# Sedona or Phoenix/Scottsdale or Tuscon?



## sjschuster (Feb 20, 2008)

My wife and I are almost empty nesters and are interested in a vacation to Arizona this summer.  I have only been to the Grand Canyon, so we are looking at the resort areas for a trade - plenty of availaiblity.  Timeframe - early to mid-June.  

My question, which area should we visit - best climate for June.

Activities will include outdoors stuff like hiking, running and biking.  No golf, as the Mrs. doesnt golf.  

She would be interested in a cattle drive if anyone knew of a day trip somewhere? 

Any input is greatly appreciated.  We've been to Colorado so many times that we just thought we'd try something different.

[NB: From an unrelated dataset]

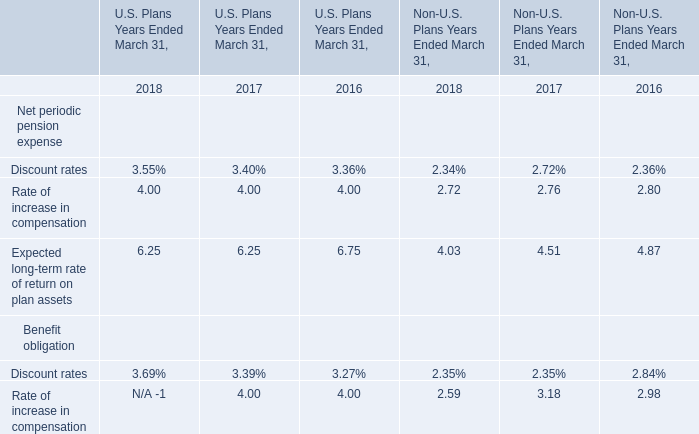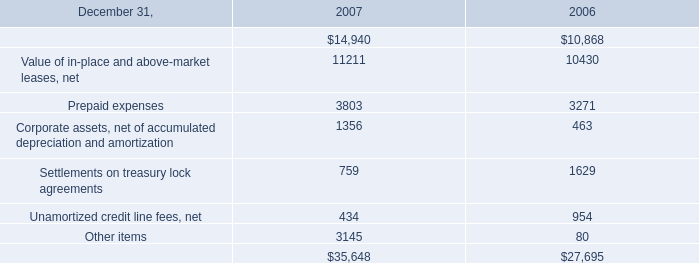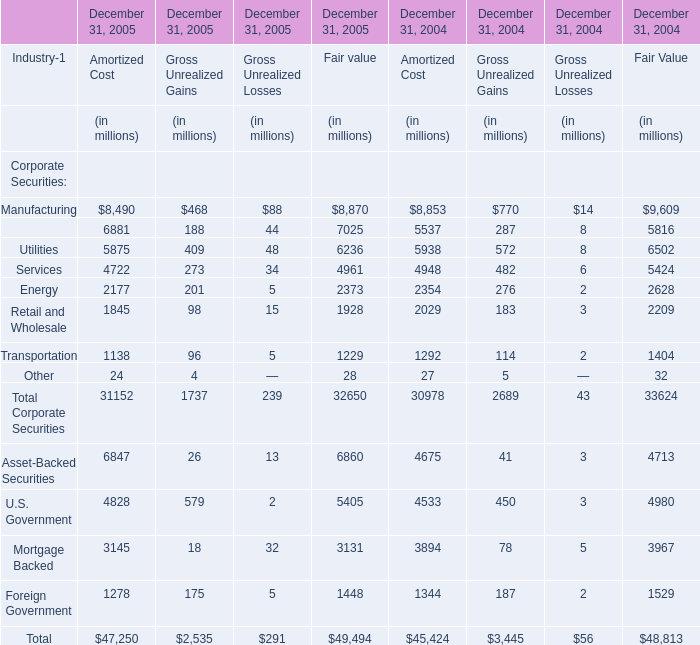Does the value of Manufacturing for Amortized Cost in 2005 greater than that in 2004 ? 
Answer: No.

Thanks in advance for you help!


----------



## PStreet1 (Feb 20, 2008)

Be prepared for hot weather, really hot.  Tuscon is somewhat cooler than Phoenix/Scottsdale, but it's still going to be hot for outdoor activities in the daytime.


----------



## Laurie (Feb 20, 2008)

Sedona - with a side trip to Flagstaff! Sedona's hot, but not as hot as the other 2, and you can go play in Oak Creek.


----------



## nightnurse613 (Feb 20, 2008)

And unless your little woman likes to shop, Sedona wouldl definitely be my first choice.  Tucson second and Phoenix last.  Plenty of day trips near Sedona (ride the railroad); Grand Canyon is doable; yes, hit Oak Creek (just remember where that water comes from). Do a Search on Sedona and you'll find lots of ideas (jeep tours).  You know, she might enjoy a hot air balloon ride -it's not as exciting as a cattle drive but...:whoopie:  Early June is typically the milder, dry heat. Temperatures of 100 are not unusual.  You don't say where you are from so it's hard to say how you'll tolerate the heat.  There's at least two or three things to do in Tucson, also. Welcome!


----------



## Jaybee (Feb 21, 2008)

If you, or your wife enjoy art galleries, there are many in Sedona, with all sorts of beautiful art displays, lots of crafts, bronze statuary, delightful restaurants, and all the hiking you could handle.  The Jeep tours are great, and the scenery is stunning.  
I wouldn't think the weather in Sedona in June would be terribly hot, but you could always take the drive up beauiful Oak Creek Canyon to Flagstaff, where it's usually always sweatshirt weather.  Wherever you go, enjoy!  Jean


----------



## Red Rox (Feb 27, 2008)

No question...Sedona


----------



## grest (Feb 28, 2008)

Sedona, by all means...we'll be there in June.  We always go out west in the summer, due to work schedules.  Pheonix/Scottsdale and Tucson are so so hot.   Sedona is hot too, but much better, especially by Oak Creek, and it just is so beautiful.
Connie


----------